Which lines run from the line with "Who is the main" to the end of the entries? Write out exactly those, leaving out the pictures.

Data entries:

========================

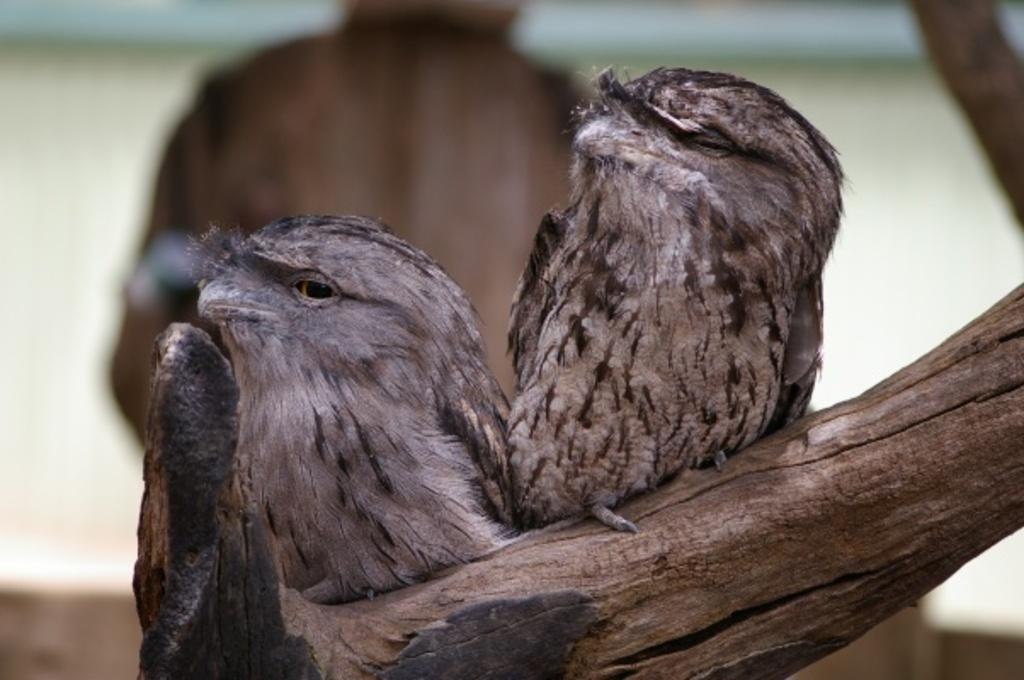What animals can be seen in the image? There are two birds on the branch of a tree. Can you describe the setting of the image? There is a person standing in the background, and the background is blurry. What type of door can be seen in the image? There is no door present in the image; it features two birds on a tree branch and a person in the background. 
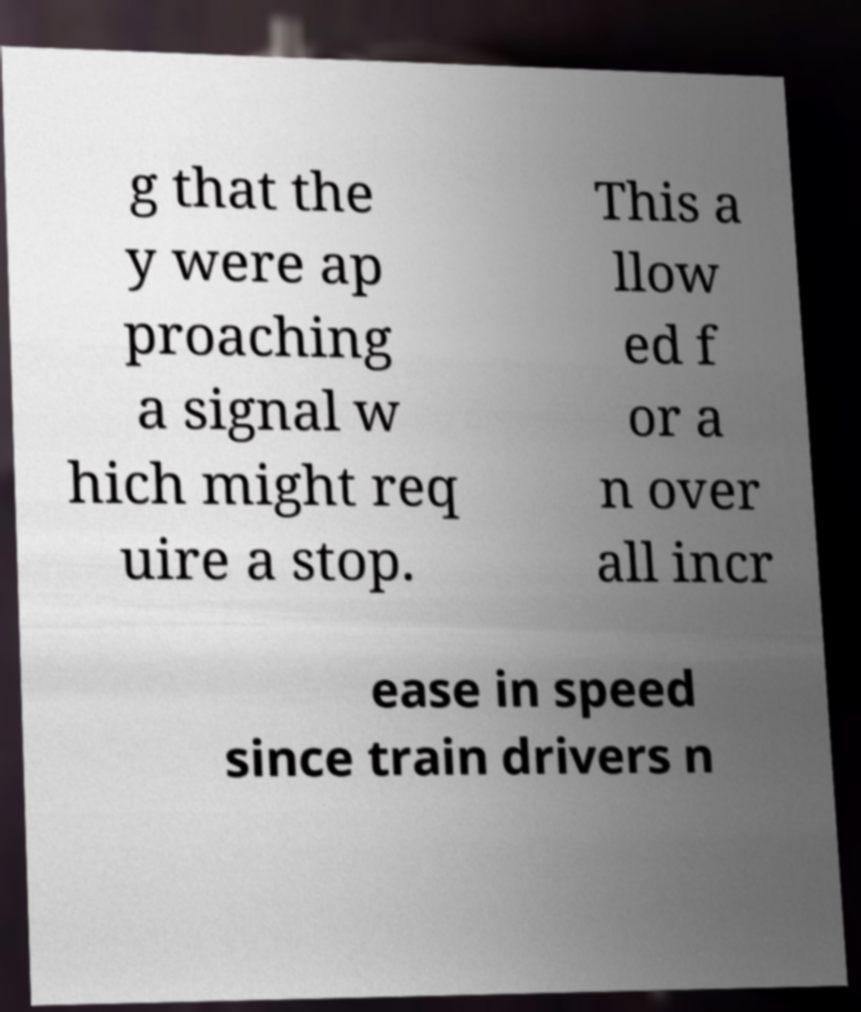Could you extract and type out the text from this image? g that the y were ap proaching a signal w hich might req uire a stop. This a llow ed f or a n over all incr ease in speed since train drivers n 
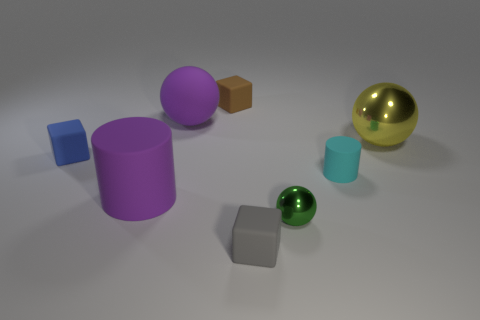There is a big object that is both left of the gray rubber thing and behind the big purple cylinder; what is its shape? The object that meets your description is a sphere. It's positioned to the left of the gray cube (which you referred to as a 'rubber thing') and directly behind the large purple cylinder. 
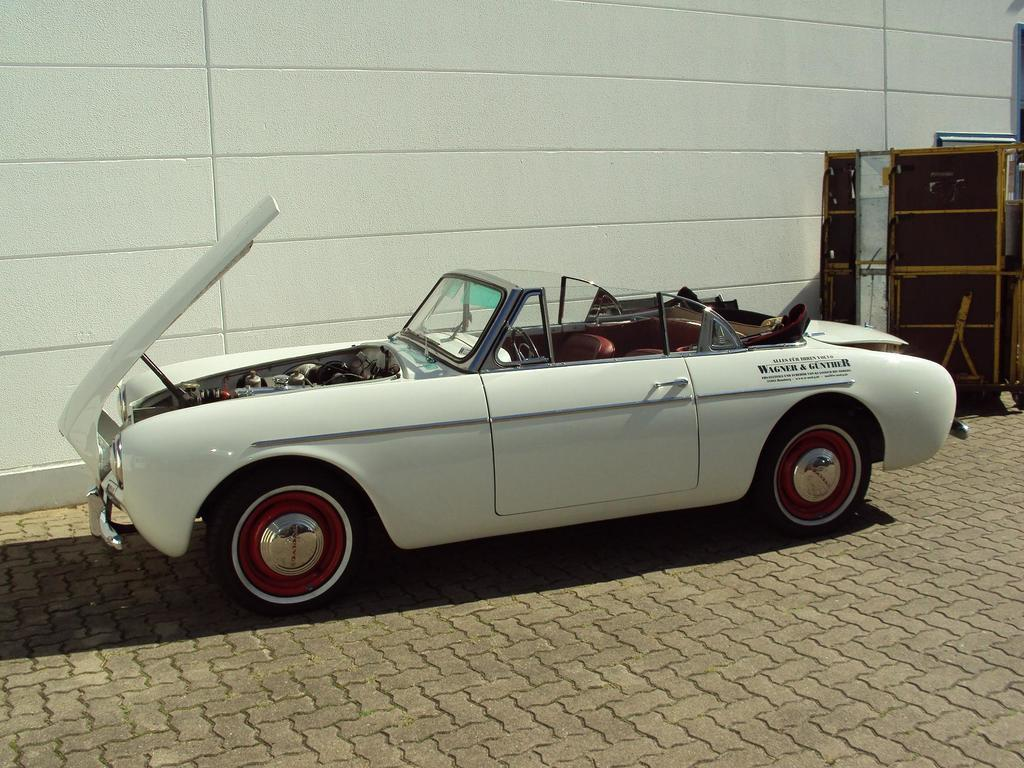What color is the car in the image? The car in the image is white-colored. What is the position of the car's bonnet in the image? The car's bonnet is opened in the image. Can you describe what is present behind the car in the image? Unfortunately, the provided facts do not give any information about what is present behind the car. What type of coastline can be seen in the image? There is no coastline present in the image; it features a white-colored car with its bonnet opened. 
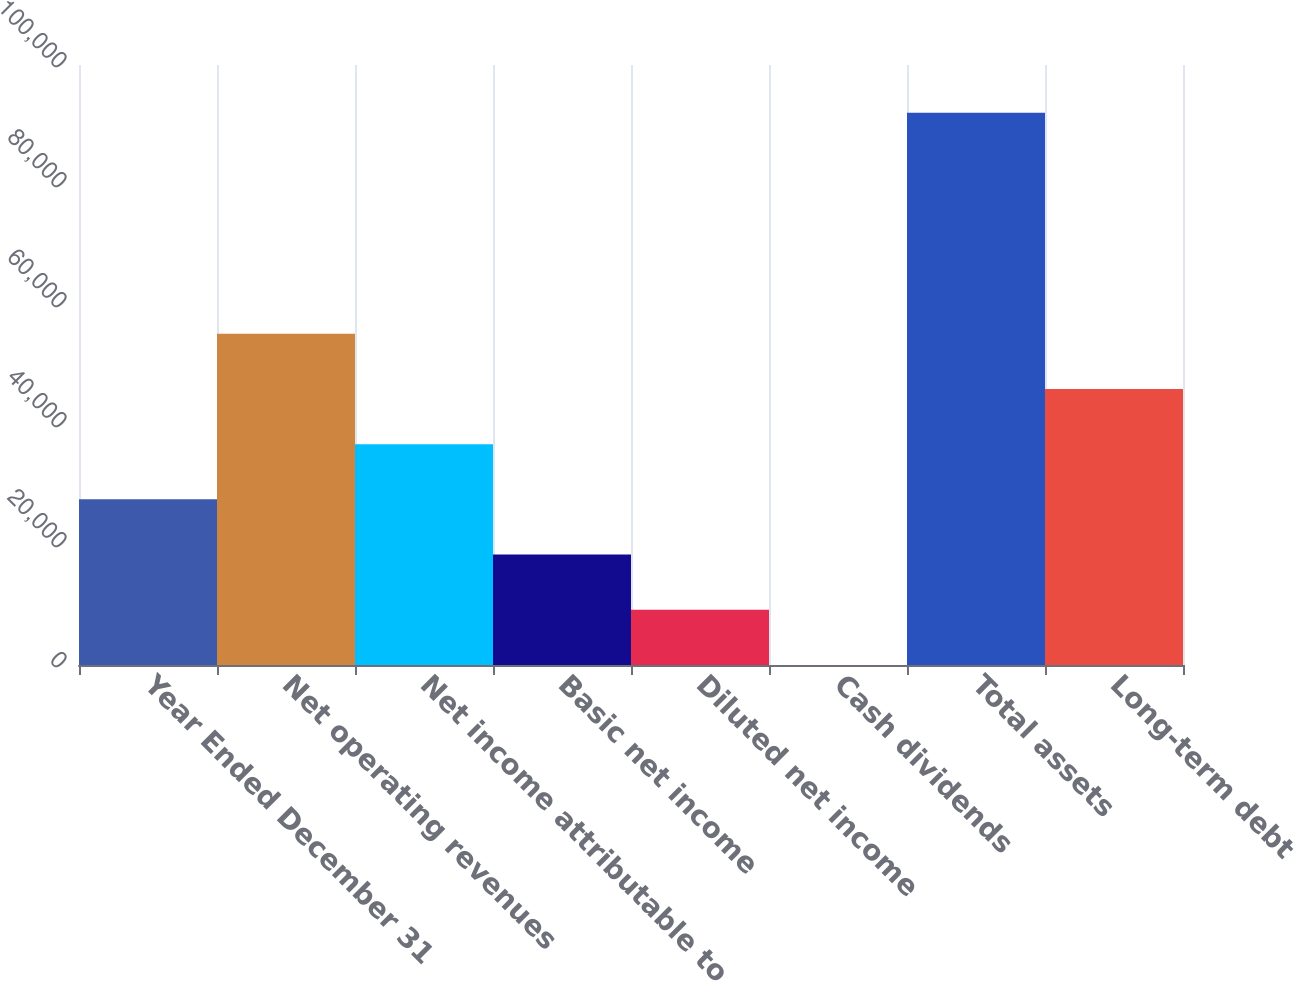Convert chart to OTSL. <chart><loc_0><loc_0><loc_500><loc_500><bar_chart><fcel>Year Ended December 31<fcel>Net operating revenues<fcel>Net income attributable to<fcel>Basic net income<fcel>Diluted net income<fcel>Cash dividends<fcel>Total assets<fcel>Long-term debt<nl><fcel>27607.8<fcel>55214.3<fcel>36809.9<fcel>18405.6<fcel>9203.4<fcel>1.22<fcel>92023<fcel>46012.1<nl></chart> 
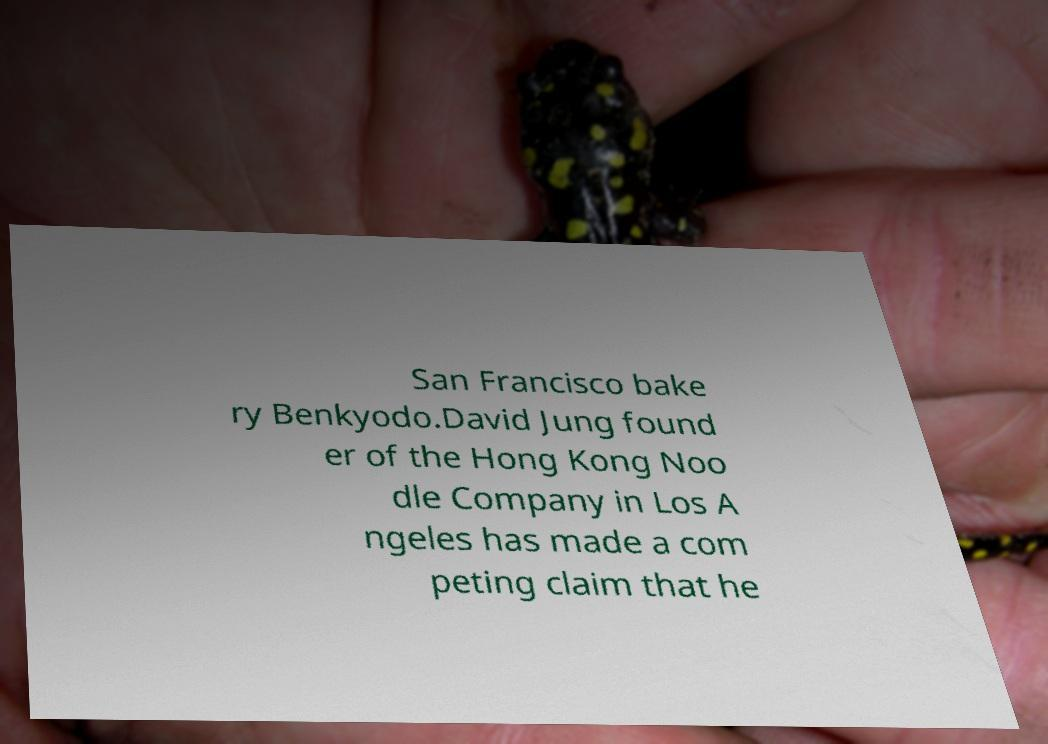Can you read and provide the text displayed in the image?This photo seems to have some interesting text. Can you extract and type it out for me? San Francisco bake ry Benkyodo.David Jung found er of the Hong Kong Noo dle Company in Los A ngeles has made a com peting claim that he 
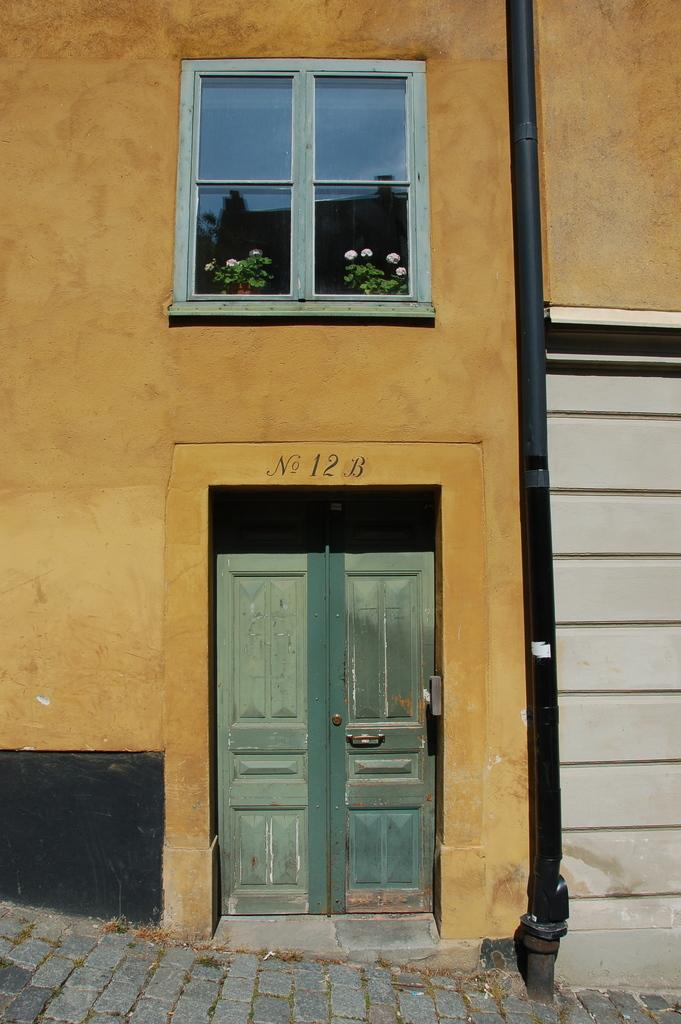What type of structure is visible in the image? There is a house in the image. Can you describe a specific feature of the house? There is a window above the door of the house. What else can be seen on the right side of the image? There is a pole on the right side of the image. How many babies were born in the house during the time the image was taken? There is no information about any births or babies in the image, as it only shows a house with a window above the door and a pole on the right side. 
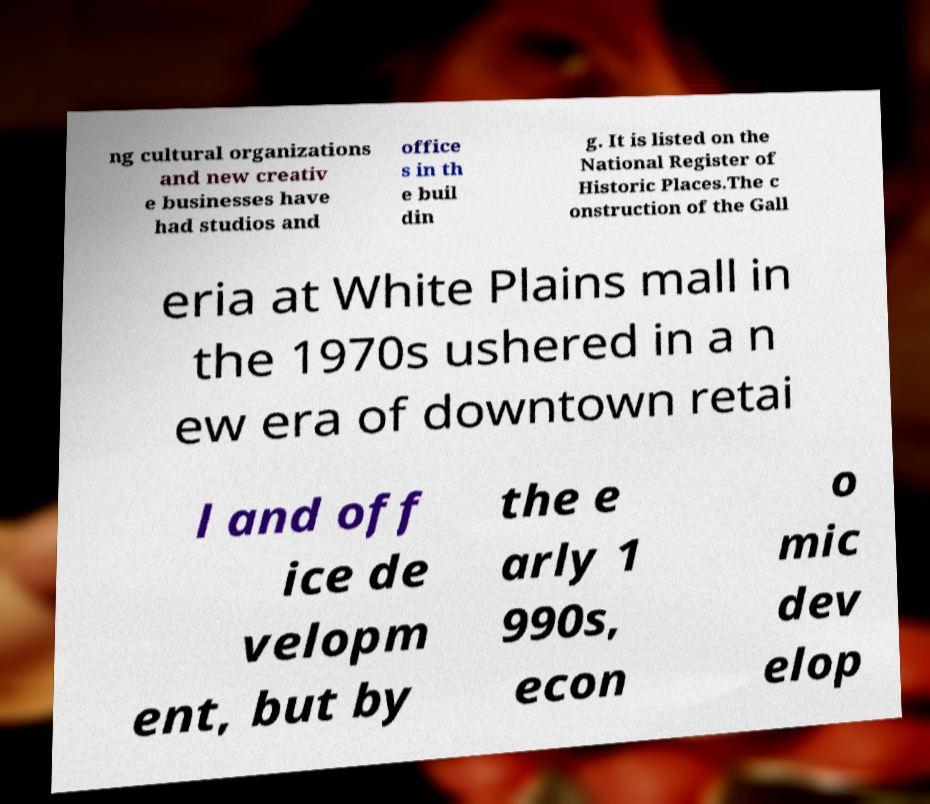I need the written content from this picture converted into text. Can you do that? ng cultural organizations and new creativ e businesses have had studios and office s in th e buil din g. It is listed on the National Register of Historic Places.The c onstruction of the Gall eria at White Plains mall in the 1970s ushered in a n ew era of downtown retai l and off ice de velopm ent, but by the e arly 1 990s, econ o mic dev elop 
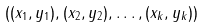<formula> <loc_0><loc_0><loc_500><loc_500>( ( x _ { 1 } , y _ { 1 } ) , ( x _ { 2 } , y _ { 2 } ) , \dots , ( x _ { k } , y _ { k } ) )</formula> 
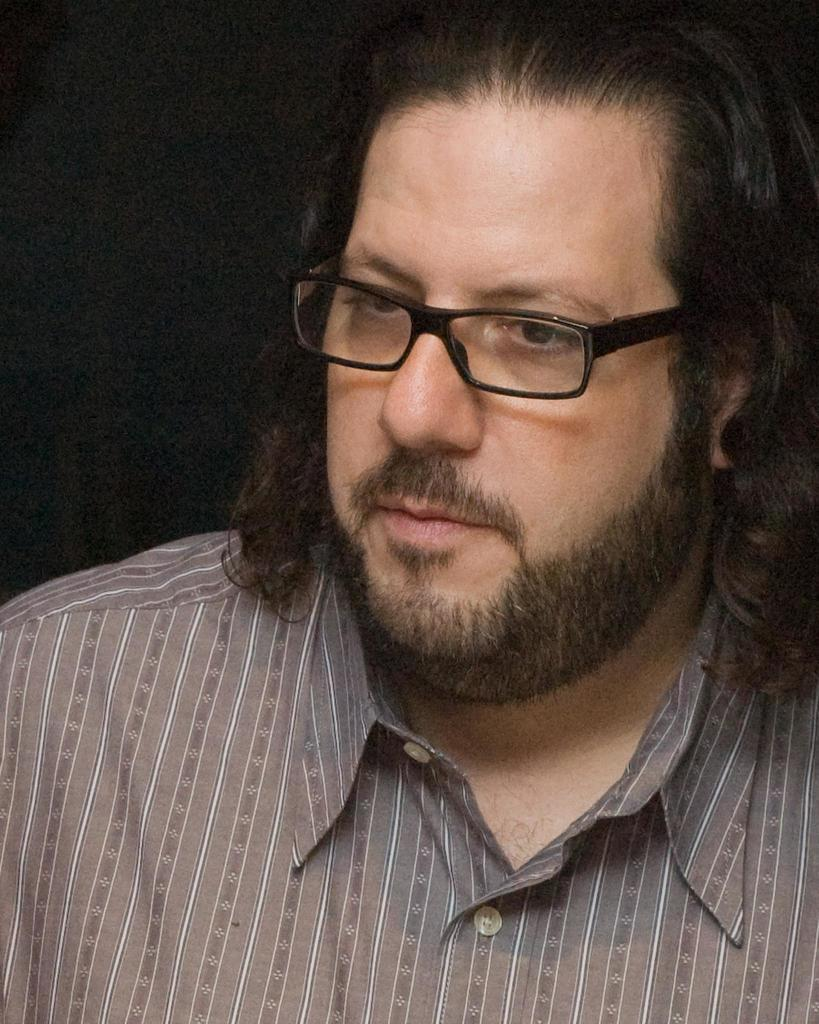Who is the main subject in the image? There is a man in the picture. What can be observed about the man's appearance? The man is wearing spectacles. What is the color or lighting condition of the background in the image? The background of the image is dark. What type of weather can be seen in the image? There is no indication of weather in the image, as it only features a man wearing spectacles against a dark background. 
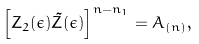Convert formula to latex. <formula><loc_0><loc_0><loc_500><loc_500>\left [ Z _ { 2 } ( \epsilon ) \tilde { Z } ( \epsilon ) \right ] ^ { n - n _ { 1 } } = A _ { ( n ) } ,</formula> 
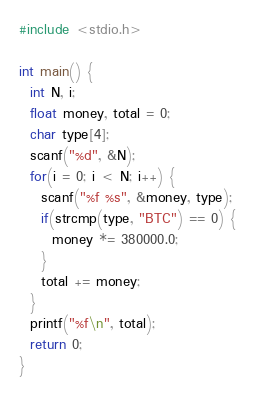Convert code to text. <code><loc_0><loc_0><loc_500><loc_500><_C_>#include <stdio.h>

========================

▸ **RESULT FOR THIS EXERCISE**
Who is the main subject in the image? There is a man in the picture. What can be observed about the man's appearance? The man is wearing spectacles. What is the color or lighting condition of the background in the image? The background of the image is dark. What type of weather can be seen in the image? There is no indication of weather in the image, as it only features a man wearing spectacles against a dark background. 
Convert formula to latex. <formula><loc_0><loc_0><loc_500><loc_500>\left [ Z _ { 2 } ( \epsilon ) \tilde { Z } ( \epsilon ) \right ] ^ { n - n _ { 1 } } = A _ { ( n ) } ,</formula> 
Convert code to text. <code><loc_0><loc_0><loc_500><loc_500><_C_>#include <stdio.h>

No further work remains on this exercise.